No fossil fuels = no money for the middle east. They won't be remotely powerful.
Reply 3
Nuclear.
Reply 4
Original post by Drewski
No fossil fuels = no money for the middle east. They won't be remotely powerful.


Don't you think they are getting probably robbed for it now? Seeing how they are so unstable, they are not exactly profiting. But anyway, I didn't mean oil wise, I meant that their ideology and demographics are spreading, and appealing to many disenfranchised youth in a chaotic and unstable world, it provides moral certainties.
Reply 5
Original post by Ruthless Dutchman
Nuclear.


But how much will it give us, and how will it change technologies usage and progress, that's what I want to know.
Reply 6
Humanity always finds a way :colonhash:
All of Scotland will go "I'm glad that Independence referendum worked out the way that it did."
Reply 8
Original post by Chillaxer
They say there is not long to go for oil and gas. There is for coal, but of course, if that takes over from the other two, it's time estimate will reduce drastically. Also, the estimates I've read are based on current per capita usage and population, and the population will certainly increase, and if usage trends continue, then per capita usage will increase too.
So picture a few hundred years down the line, we have a warmer world, and no fossil fuels.
We have the middle east and an ideology that doesn't like the west-how powerful will that become amidst the chaos? What kind of lives would we live? How much energy could alternative sources, hydro, wind etc give us, and how would it change our usage of technology? Will technological advance take a back seat, will we be forced to use no more advanced devices than now, or will what we have now be unsustainable with alternative energy?

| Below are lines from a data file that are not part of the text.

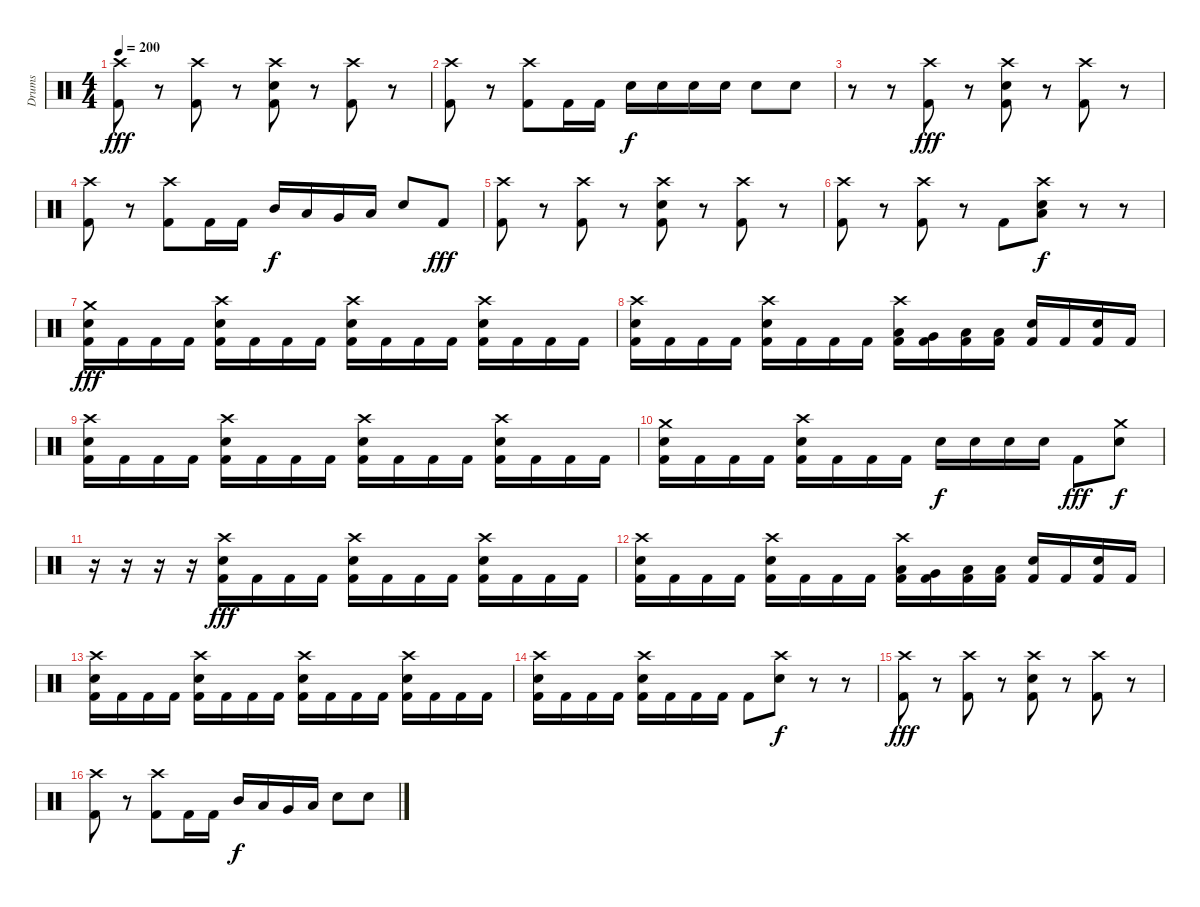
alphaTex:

\track ("Drums" "Drums") {instrument percussion}
\staff {score}
\articulation defaults
\ts (4 4)
\tempo 200
\clef neutral
\ks c
("Crash high (hit)" "Kick (hit) 2").8{dy fff} r.8 ("Crash high (hit)" "Kick (hit) 2").8 r.8 ("Crash high (hit)" "Electric Snare (hit)" "Kick (hit) 2").8 r.8 ("Crash high (hit)" "Kick (hit) 2").8 r.8 |
("Crash high (hit)" "Kick (hit) 2").8 r.8 ("Crash high (hit)" "Kick (hit) 2").8 "Kick (hit) 2".16 "Kick (hit) 2".16 "Electric Snare (hit)".16{dy f} "Electric Snare (hit)".16 "Electric Snare (hit)".16 "Electric Snare (hit)".16 "Electric Snare (hit)".8 "Electric Snare (hit)".8 |
r.8 r.8 ("Crash high (hit)" "Kick (hit) 2").8{dy fff} r.8 ("Crash high (hit)" "Electric Snare (hit)" "Kick (hit) 2").8 r.8 ("Crash high (hit)" "Kick (hit) 2").8 r.8 |
("Crash high (hit)" "Kick (hit) 2").8 r.8 ("Crash high (hit)" "Kick (hit) 2").8 "Kick (hit) 2".16 "Kick (hit) 2".16 "Mid Tom (hit)".16{dy f} "Low Tom (hit)".16 "Very Low Tom (hit)".16 "Low Floor Tom (hit)".16 "Electric Snare (hit)".8 "Kick (hit) 2".8{dy fff} |
("Crash high (hit)" "Kick (hit) 2").8 r.8 ("Crash high (hit)" "Kick (hit) 2").8 r.8 ("Crash high (hit)" "Electric Snare (hit)" "Kick (hit) 2").8 r.8 ("Crash high (hit)" "Kick (hit) 2").8 r.8 |
("Crash high (hit)" "Kick (hit) 2").8 r.8 ("Crash high (hit)" "Kick (hit) 2").8 r.8 "Kick (hit) 2".8 ("Crash high (hit)" "Low Floor Tom (hit)" "Electric Snare (hit)").8{dy f} r.8 r.8 |
("Crash medium (hit)" "Electric Snare (hit)" "Kick (hit) 2").16{dy fff} "Kick (hit) 2".16 "Kick (hit) 2".16 "Kick (hit) 2".16 ("Crash high (hit)" "Electric Snare (hit)" "Kick (hit) 2").16 "Kick (hit) 2".16 "Kick (hit) 2".16 "Kick (hit) 2".16 ("Crash high (hit)" "Electric Snare (hit)" "Kick (hit) 2").16 "Kick (hit) 2".16 "Kick (hit) 2".16 "Kick (hit) 2".16 ("Crash high (hit)" "Electric Snare (hit)" "Kick (hit) 2").16 "Kick (hit) 2".16 "Kick (hit) 2".16 "Kick (hit) 2".16 |
("Crash high (hit)" "Electric Snare (hit)" "Kick (hit) 2").16 "Kick (hit) 2".16 "Kick (hit) 2".16 "Kick (hit) 2".16 ("Crash high (hit)" "Electric Snare (hit)" "Kick (hit) 2").16 "Kick (hit) 2".16 "Kick (hit) 2".16 "Kick (hit) 2".16 ("Crash high (hit)" "Low Tom (hit)" "Kick (hit) 2").16 ("Very Low Tom (hit)" "Kick (hit) 2").16 ("Low Floor Tom (hit)" "Kick (hit) 2").16 ("Low Floor Tom (hit)" "Kick (hit) 2").16 ("Electric Snare (hit)" "Kick (hit) 2").16 "Kick (hit) 2".16 ("Electric Snare (hit)" "Kick (hit) 2").16 "Kick (hit) 2".16 |
("Crash high (hit)" "Electric Snare (hit)" "Kick (hit) 2").16 "Kick (hit) 2".16 "Kick (hit) 2".16 "Kick (hit) 2".16 ("Crash high (hit)" "Electric Snare (hit)" "Kick (hit) 2").16 "Kick (hit) 2".16 "Kick (hit) 2".16 "Kick (hit) 2".16 ("Crash high (hit)" "Electric Snare (hit)" "Kick (hit) 2").16 "Kick (hit) 2".16 "Kick (hit) 2".16 "Kick (hit) 2".16 ("Crash high (hit)" "Electric Snare (hit)" "Kick (hit) 2").16 "Kick (hit) 2".16 "Kick (hit) 2".16 "Kick (hit) 2".16 |
("Crash medium (hit)" "Electric Snare (hit)" "Kick (hit) 2").16 "Kick (hit) 2".16 "Kick (hit) 2".16 "Kick (hit) 2".16 ("Crash high (hit)" "Electric Snare (hit)" "Kick (hit) 2").16 "Kick (hit) 2".16 "Kick (hit) 2".16 "Kick (hit) 2".16 "Electric Snare (hit)".16{dy f} "Electric Snare (hit)".16 "Electric Snare (hit)".16 "Electric Snare (hit)".16 "Kick (hit) 2".8{dy fff} ("Crash medium (hit)" "Electric Snare (hit)").8{dy f} |
r.16 r.16 r.16 r.16 ("Crash high (hit)" "Electric Snare (hit)" "Kick (hit) 2").16{dy fff} "Kick (hit) 2".16 "Kick (hit) 2".16 "Kick (hit) 2".16 ("Crash high (hit)" "Electric Snare (hit)" "Kick (hit) 2").16 "Kick (hit) 2".16 "Kick (hit) 2".16 "Kick (hit) 2".16 ("Crash high (hit)" "Electric Snare (hit)" "Kick (hit) 2").16 "Kick (hit) 2".16 "Kick (hit) 2".16 "Kick (hit) 2".16 |
("Crash high (hit)" "Electric Snare (hit)" "Kick (hit) 2").16 "Kick (hit) 2".16 "Kick (hit) 2".16 "Kick (hit) 2".16 ("Crash high (hit)" "Electric Snare (hit)" "Kick (hit) 2").16 "Kick (hit) 2".16 "Kick (hit) 2".16 "Kick (hit) 2".16 ("Crash high (hit)" "Low Tom (hit)" "Kick (hit) 2").16 ("Very Low Tom (hit)" "Kick (hit) 2").16 ("Low Floor Tom (hit)" "Kick (hit) 2").16 ("Low Floor Tom (hit)" "Kick (hit) 2").16 ("Electric Snare (hit)" "Kick (hit) 2").16 "Kick (hit) 2".16 ("Electric Snare (hit)" "Kick (hit) 2").16 "Kick (hit) 2".16 |
("Crash high (hit)" "Electric Snare (hit)" "Kick (hit) 2").16 "Kick (hit) 2".16 "Kick (hit) 2".16 "Kick (hit) 2".16 ("Crash high (hit)" "Electric Snare (hit)" "Kick (hit) 2").16 "Kick (hit) 2".16 "Kick (hit) 2".16 "Kick (hit) 2".16 ("Crash high (hit)" "Electric Snare (hit)" "Kick (hit) 2").16 "Kick (hit) 2".16 "Kick (hit) 2".16 "Kick (hit) 2".16 ("Crash high (hit)" "Electric Snare (hit)" "Kick (hit) 2").16 "Kick (hit) 2".16 "Kick (hit) 2".16 "Kick (hit) 2".16 |
("Crash high (hit)" "Electric Snare (hit)" "Kick (hit) 2").16 "Kick (hit) 2".16 "Kick (hit) 2".16 "Kick (hit) 2".16 ("Crash high (hit)" "Electric Snare (hit)" "Kick (hit) 2").16 "Kick (hit) 2".16 "Kick (hit) 2".16 "Kick (hit) 2".16 "Kick (hit) 2".8 ("Crash high (hit)" "Electric Snare (hit)").8{dy f} r.8 r.8 |
("Crash high (hit)" "Kick (hit) 2").8{dy fff} r.8 ("Crash high (hit)" "Kick (hit) 2").8 r.8 ("Crash high (hit)" "Electric Snare (hit)" "Kick (hit) 2").8 r.8 ("Crash high (hit)" "Kick (hit) 2").8 r.8 |
("Crash high (hit)" "Kick (hit) 2").8 r.8 ("Crash high (hit)" "Kick (hit) 2").8 "Kick (hit) 2".16 "Kick (hit) 2".16 "Mid Tom (hit)".16{dy f} "Low Tom (hit)".16 "Very Low Tom (hit)".16 "Low Floor Tom (hit)".16 "Electric Snare (hit)".8 "Electric Snare (hit)".8

It's not really true. If you look historically, people have been saying that oil will run out since the 1920's, the reality is that innovation and exploration has continued to identify new oil fields such that oil reserves in 2008 were the highest they'd ever been. We have massive fields in Iran and Venezuela which are essentially untapped. Further and in relation to gas, innovation has allowed new techniques like fracking which mean we can access new reserves of shale oil and gas (the UK alone has enough shale gas under it to last a century) and technological innovation in the west is so significant that some fields in the US can produce Shale Oil at less than $30 per barrel. Further though, we have seen profound improvements in electric cars and solar technology so it's possible that over time demand may not be as high as predicted.

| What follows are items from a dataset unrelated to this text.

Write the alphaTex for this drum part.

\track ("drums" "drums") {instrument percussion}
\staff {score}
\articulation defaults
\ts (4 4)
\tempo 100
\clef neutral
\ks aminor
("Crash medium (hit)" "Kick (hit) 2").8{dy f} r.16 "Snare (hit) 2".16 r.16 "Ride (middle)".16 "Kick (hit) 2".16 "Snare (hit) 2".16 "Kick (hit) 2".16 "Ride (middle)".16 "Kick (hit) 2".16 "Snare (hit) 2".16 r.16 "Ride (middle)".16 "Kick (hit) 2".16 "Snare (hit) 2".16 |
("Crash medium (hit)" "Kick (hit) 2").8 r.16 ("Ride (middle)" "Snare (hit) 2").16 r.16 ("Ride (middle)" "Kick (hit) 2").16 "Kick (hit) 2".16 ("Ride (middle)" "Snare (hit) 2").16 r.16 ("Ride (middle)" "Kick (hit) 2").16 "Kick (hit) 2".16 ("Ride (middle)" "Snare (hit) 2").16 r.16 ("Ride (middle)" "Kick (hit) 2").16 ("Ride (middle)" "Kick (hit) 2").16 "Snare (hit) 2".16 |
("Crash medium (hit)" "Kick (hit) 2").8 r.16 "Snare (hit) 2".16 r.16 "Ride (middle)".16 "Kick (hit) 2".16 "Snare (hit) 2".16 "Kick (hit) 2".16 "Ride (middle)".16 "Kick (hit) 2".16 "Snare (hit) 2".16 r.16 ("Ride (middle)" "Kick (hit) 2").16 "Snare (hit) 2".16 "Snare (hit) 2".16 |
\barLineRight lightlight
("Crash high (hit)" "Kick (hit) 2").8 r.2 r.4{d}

Right now we only really need worry about the next 50-100 years. By the end of the century the population will falling and by that time even Africa should be relatively wealthy, by the 2050's if all goes to plan we will have nuclear fusion and space mining. These will solve any energy crisis provided things go as scheduled.

Original post by Drewski
No fossil fuels = no money for the middle east. They won't be remotely powerful.


Several of them have large populations so are potentially large consumer markets. With that being said the sad fact is that left to their own devices these places would be unable to govern themselves due being willing to put religion above their prosperity so without oil i do worry for the likes of Saudi Arabia.
Reply 9
Original post by Rakas21
I
Right now we only really need worry about the next 50-100 years. By the end of the century the population will falling and by that time even Africa should be relatively wealthy, by the 2050's if all goes to plan we will have nuclear fusion and space mining. These will solve any energy crisis provided things go as scheduled.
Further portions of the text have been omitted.